Jetzt wird aber erst einmal Fußball gespielt. Die deutsche Gruppe mit den Niederlanden, Portugal und Dänemark lässt bei mir keinen Angstschweiß ausbrechen. Portugal und Dänemark muss, die Niederlande kann eine Mannschaft mit den Qualitäten der deutschen Elf besiegen. Dänen und vor allem Portugiesen haben hervorragende Einzelkönner, die Qualität in der Breite reicht allerdings nicht an das Niveau der deutschen Mannschaft heran. Dänen und Portugiesen werden zudem in ihren heimischen Ligen nicht annähernd derart gefordert wie die Deutschen in unserer Bundesliga. Die hier gewonnene physische und psychische Härte, die Erfahrung, fast in jeder Begegnung an die Leistungsgrenzen gehen zu können, wird sich bei der EM auszahlen.

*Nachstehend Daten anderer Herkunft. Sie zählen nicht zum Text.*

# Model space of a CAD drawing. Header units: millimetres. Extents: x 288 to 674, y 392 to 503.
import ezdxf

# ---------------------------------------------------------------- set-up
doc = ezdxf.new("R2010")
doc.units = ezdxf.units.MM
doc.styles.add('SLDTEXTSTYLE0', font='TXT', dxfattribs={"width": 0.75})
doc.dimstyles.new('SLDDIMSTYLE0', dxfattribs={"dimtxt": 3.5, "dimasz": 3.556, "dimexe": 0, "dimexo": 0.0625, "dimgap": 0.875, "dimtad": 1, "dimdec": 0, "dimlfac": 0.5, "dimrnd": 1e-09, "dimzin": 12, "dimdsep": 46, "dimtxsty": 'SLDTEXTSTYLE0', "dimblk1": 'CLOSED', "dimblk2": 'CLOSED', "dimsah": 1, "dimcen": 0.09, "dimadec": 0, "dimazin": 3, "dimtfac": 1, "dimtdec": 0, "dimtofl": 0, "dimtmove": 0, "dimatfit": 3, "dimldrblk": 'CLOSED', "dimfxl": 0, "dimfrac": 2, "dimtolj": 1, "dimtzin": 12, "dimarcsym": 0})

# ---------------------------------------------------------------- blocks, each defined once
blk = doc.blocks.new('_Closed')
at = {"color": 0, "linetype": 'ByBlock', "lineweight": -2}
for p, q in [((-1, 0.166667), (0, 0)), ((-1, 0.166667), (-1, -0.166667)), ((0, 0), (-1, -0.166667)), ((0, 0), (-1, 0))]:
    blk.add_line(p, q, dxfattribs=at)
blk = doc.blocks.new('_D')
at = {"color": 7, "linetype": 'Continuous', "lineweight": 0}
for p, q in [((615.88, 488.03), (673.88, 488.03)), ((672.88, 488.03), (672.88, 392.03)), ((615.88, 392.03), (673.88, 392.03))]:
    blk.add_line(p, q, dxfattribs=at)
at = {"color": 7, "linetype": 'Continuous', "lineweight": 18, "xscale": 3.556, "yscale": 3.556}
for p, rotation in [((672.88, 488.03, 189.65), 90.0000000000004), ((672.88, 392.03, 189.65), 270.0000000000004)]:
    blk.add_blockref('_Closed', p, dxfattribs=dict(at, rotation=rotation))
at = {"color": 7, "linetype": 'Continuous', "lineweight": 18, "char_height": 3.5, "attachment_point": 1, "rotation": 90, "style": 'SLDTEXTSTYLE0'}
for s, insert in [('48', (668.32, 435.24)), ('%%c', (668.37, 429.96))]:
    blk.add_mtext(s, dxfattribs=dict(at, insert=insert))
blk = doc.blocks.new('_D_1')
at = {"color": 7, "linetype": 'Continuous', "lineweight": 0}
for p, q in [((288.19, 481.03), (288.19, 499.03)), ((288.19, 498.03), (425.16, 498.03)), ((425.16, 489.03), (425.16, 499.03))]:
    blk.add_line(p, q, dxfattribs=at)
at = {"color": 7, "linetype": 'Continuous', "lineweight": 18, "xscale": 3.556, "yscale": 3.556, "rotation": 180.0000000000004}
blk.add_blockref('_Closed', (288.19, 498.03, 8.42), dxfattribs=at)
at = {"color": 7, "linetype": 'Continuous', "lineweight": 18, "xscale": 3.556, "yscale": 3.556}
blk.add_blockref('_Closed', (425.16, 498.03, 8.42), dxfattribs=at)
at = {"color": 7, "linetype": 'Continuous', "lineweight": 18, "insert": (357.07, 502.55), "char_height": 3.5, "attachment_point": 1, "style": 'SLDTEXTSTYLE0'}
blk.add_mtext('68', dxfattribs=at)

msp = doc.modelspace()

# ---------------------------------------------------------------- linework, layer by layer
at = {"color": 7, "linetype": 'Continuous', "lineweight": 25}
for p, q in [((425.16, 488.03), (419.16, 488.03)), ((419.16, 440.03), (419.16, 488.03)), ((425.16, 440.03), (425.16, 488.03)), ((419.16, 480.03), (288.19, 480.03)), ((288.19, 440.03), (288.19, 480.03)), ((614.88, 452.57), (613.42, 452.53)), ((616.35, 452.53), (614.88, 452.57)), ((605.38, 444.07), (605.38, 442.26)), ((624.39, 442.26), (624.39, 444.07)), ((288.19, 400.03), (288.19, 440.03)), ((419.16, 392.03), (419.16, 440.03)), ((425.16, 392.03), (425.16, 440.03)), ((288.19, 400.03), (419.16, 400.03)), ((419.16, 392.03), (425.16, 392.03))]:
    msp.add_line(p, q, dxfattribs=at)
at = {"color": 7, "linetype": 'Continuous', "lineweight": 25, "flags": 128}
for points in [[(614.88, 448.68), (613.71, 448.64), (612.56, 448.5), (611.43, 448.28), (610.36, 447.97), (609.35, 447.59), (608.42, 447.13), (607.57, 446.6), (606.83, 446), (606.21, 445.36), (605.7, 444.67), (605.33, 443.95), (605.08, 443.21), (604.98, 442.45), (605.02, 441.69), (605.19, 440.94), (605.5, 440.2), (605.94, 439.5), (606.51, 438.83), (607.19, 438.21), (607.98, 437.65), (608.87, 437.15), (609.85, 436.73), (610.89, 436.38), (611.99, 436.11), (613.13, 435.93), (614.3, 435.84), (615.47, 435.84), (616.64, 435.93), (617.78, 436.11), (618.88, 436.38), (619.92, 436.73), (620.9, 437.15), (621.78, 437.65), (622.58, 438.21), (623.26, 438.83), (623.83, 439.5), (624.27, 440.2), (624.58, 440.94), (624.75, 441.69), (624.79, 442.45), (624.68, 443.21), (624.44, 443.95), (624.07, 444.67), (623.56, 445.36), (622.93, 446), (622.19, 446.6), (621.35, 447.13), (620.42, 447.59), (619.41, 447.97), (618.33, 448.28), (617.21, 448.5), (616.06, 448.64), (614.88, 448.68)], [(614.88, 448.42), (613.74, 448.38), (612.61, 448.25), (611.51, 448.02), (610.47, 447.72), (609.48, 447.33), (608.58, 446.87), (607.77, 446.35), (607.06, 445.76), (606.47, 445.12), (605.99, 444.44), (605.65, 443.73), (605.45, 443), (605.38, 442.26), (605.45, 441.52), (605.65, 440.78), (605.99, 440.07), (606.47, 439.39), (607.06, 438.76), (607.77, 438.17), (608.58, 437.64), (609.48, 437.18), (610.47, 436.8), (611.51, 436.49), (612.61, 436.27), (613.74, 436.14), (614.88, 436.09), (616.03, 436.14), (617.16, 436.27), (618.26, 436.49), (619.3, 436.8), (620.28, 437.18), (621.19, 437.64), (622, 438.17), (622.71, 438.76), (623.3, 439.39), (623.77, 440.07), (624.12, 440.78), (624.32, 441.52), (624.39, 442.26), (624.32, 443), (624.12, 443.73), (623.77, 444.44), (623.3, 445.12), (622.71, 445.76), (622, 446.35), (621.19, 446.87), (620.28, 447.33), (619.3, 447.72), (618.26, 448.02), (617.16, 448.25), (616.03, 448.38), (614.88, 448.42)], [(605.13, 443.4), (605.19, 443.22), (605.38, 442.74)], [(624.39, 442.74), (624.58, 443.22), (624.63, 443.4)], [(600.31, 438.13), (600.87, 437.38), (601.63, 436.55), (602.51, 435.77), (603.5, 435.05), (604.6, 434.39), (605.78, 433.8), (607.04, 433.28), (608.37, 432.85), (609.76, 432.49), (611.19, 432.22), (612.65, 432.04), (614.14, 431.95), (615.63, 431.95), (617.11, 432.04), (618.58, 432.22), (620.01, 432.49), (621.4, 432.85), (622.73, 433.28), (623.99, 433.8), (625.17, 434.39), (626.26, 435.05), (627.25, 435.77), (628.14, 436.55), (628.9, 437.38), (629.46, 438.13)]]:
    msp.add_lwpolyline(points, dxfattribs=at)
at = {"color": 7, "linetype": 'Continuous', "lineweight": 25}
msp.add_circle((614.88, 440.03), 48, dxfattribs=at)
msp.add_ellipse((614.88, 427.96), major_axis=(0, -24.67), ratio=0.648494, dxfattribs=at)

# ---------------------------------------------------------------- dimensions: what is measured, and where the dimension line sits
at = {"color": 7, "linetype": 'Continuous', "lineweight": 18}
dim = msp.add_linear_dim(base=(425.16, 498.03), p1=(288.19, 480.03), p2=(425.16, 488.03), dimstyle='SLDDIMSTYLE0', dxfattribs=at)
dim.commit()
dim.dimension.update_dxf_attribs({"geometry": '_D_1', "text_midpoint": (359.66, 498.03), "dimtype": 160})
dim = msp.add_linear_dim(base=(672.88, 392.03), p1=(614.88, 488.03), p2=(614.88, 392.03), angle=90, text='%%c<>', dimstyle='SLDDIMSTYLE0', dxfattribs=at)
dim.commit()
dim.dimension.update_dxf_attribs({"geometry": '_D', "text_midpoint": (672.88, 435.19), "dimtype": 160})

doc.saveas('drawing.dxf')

Die Niederländer sind ein anderes Kaliber. Wie gut es um ihre Offensivkraft bestellt ist, zeigt, dass sich Bondscoach Bert van Marwijk erlauben kann, Bundesliga-Torschützenkönig Klaas-Jan Huntelaar auf die Bank zu setzen. Wie immer wird es bei den Holländern darauf ankommen, die Balance zwischen schönem und effektivem Fußball zu finden. Dem eher praktisch denkenden van Marwijk ist dieses heikle Unterfangen zuzutrauen. Die Niederlande werden damit zum ernsthaften Titelkandidaten. Deutschland wird dennoch Gruppensieger - und später vielleicht Europameister. Das hoffe ich jedenfalls.